Targeting Calcium Homeostasis in Myocardial Ischemia/Reperfusion Injury: An Overview of Regulatory Mechanisms and Therapeutic Reagents

Abstract

Calcium homeostasis plays an essential role in maintaining excitation-contraction coupling (ECC) in cardiomyocytes, including calcium release, recapture, and storage. Disruption of calcium homeostasis may affect heart function, leading to the development of various heart diseases. Myocardial ischemia/reperfusion (MI/R) injury may occur after revascularization, which is a treatment used in coronary heart disease. MI/R injury is a complex pathological process, and the main cause of increased mortality and disability after treatment of coronary heart disease. However, current methods and drugs for treating MI/R injury are very scarce, not ideal, and have limitations. Studies have shown that MI/R injury can cause calcium overload that can further aggravate MI/R injury. Therefore, we reviewed the effects of critical calcium pathway regulators on MI/R injury and drew an intuitive diagram of the calcium homeostasis pathway. We also summarized and analyzed calcium pathway-related or MI/R drugs under research or marketing by searching Therapeutic Target and PubMed Databases. The data analysis showed that six drugs and corresponding targets are used to treat MI/R injury and involved in calcium signaling pathways. We emphasize the relevance of further detailed investigation of MI/R injury and calcium homeostasis and the therapeutic role of calcium homeostasis in MI/R injury, which bridges basic research and clinical applications of MI/R injury.

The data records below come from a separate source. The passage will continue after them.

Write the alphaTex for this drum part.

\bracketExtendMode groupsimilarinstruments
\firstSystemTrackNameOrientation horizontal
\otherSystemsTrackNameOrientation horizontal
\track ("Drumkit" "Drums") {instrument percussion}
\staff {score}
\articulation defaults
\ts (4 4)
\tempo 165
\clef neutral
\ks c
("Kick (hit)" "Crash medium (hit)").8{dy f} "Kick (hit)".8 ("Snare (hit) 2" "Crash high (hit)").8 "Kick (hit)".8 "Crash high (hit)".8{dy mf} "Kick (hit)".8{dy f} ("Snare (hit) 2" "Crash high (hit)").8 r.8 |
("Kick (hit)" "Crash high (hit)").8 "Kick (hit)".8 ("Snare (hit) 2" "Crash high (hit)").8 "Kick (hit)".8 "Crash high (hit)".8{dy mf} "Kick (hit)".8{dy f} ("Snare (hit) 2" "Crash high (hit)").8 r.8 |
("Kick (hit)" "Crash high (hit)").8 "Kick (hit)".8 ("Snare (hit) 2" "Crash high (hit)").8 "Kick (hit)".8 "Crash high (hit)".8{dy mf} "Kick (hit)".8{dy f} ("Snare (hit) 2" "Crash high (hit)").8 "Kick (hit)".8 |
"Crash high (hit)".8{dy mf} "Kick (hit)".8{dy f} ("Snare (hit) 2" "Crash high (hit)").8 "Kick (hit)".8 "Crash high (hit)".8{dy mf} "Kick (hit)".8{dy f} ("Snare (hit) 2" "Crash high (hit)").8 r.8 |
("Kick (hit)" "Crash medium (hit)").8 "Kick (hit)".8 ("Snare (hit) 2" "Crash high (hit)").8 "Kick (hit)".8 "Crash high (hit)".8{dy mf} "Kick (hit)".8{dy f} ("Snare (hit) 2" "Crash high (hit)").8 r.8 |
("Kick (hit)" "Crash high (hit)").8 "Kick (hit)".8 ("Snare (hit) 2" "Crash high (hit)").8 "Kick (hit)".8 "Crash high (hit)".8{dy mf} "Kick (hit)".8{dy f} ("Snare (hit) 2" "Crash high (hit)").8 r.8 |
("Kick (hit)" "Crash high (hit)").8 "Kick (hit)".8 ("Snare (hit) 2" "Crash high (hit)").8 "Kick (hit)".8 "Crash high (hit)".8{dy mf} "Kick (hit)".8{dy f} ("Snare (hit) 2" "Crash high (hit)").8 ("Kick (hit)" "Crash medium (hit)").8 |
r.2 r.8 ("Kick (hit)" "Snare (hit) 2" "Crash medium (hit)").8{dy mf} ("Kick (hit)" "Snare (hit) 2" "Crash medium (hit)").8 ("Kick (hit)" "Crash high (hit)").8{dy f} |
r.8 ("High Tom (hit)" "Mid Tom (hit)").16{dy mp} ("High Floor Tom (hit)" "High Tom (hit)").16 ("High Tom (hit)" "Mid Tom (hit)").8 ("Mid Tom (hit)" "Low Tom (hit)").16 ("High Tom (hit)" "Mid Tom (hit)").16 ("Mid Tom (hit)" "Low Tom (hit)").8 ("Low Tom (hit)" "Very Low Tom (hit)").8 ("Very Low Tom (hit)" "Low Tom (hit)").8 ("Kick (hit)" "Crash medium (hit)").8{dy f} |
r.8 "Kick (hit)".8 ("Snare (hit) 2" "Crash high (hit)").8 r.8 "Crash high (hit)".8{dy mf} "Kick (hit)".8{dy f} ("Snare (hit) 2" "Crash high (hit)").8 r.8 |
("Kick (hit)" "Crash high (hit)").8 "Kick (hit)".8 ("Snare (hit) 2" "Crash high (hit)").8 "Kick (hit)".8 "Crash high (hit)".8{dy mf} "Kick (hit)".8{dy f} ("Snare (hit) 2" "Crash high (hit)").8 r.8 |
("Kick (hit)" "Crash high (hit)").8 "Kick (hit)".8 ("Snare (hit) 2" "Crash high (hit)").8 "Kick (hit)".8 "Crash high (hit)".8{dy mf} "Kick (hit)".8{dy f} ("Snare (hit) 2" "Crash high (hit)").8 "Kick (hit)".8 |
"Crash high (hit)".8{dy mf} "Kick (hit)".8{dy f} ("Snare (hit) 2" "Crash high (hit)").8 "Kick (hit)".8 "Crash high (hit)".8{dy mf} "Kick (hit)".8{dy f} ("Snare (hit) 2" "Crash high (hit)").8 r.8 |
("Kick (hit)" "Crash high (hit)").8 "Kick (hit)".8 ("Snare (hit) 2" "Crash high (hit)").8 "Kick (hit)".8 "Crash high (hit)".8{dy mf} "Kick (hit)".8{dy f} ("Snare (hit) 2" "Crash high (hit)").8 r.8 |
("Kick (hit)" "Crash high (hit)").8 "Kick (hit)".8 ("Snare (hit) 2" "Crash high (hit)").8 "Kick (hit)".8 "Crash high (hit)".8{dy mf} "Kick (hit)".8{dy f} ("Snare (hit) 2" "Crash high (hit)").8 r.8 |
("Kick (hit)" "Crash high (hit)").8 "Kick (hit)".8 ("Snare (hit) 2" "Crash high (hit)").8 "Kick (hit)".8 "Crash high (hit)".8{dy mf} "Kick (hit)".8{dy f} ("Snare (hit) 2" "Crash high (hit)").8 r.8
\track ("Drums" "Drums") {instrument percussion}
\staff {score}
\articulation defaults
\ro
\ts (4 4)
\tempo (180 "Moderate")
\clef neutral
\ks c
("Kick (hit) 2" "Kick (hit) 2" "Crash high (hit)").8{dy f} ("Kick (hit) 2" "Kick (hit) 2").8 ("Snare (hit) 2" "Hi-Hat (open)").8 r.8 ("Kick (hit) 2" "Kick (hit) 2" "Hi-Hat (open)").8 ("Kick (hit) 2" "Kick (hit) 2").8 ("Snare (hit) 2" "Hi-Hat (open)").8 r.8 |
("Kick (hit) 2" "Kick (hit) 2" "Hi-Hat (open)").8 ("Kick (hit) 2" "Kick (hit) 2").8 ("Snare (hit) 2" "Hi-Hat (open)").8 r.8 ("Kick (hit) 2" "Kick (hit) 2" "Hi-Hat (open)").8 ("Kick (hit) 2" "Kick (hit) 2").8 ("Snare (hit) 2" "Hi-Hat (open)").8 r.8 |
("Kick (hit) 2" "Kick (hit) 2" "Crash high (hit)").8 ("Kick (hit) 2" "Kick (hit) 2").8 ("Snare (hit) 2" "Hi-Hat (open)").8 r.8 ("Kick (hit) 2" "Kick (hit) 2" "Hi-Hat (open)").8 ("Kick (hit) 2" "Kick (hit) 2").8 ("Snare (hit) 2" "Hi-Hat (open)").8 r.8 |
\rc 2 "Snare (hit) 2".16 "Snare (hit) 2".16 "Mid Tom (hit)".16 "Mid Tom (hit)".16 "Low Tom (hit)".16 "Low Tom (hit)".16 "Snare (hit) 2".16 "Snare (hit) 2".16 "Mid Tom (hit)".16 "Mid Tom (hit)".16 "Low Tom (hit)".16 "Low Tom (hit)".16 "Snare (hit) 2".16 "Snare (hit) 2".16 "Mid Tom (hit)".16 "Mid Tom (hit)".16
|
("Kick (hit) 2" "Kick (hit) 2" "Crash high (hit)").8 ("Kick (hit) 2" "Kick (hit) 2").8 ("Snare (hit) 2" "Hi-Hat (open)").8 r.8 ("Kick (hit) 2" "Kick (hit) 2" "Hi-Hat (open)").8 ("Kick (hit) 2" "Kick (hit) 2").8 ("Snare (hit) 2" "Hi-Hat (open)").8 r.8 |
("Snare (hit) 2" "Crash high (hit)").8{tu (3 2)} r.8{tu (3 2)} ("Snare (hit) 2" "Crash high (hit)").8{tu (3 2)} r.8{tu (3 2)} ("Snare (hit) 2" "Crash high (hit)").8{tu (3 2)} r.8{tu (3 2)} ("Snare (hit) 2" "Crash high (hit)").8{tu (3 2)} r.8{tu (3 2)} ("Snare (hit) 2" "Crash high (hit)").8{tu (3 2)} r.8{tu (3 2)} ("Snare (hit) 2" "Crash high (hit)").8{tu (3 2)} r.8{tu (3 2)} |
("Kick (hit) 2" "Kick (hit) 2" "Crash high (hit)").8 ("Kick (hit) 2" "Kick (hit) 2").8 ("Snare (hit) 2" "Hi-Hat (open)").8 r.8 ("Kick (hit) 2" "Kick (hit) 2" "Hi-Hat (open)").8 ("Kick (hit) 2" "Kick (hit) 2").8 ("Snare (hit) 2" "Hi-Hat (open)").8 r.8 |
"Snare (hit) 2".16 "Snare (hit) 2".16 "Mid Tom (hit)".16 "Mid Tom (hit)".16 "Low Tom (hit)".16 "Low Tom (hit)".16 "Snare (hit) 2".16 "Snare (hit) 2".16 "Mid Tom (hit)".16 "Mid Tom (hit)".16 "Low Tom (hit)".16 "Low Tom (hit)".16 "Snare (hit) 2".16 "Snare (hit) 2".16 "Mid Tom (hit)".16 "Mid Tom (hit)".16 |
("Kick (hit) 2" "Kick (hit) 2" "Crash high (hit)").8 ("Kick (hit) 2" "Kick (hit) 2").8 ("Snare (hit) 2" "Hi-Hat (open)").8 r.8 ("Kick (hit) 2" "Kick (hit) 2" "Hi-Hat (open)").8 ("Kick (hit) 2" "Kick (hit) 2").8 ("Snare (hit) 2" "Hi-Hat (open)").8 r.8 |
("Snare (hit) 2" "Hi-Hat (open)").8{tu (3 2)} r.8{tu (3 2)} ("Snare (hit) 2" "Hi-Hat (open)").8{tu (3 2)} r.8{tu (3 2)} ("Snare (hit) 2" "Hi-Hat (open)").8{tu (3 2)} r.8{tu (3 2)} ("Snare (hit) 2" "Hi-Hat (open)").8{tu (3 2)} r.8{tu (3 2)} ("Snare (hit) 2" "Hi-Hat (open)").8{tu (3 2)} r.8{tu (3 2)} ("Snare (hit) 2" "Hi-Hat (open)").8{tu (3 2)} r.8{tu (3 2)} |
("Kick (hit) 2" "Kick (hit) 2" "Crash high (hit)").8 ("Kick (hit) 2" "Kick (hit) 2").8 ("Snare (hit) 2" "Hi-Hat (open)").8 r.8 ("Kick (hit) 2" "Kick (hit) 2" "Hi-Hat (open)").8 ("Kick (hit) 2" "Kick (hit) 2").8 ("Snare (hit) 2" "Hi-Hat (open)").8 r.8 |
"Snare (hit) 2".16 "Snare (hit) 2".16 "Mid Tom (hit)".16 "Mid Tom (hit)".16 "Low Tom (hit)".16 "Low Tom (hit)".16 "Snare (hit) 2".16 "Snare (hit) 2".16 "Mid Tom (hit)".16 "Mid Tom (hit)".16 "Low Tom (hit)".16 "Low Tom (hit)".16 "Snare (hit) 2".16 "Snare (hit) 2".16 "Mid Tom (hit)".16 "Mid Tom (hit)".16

Keywords: Therapeutic Target Database; calcium homeostasis; calcium signaling pathway; myocardial ischemia/reperfusion injury; therapeutic reagents.

Figure 1

Venn diagram of drugs from MI/R injury and calcium signaling pathway. We collected 16 drugs for the treatment of MIR injury and 30 drugs involved in calcium signaling pathway. The MI/R drugs related to calcium signaling pathway include: adenosine, ridogrel, vorapaxar, metoprolol, flunarizine, and zoniporide hydrochloride.

Figure 2

Calcium overload is the important target of treating myocardial ischemia/reperfusion (MI/R) injury. The maintenance of calcium homeostasis requires the participation of multiple regulatory proteins including LTCC, RyR2, SERCA, NCX, PLB, FKBP12.6, and CaMK II. When MI/R occurs, calcium homeostasis will be broken and further developed into calcium overload. Calcium overload further exacerbates MI/R injury. Therefore, inhibiting calcium overload is an effective way to reduce MI/R injury. These drugs currently on the market or under investigation including adenosine, ridogrel, vorapaxar, metoprolol, flunarizine, and zoniporide hydrochloride, are for the treatment of MI/R injury or have the potential to treat MI/R injury. These drugs can play a cardioprotective role by regulating the calcium signaling pathway.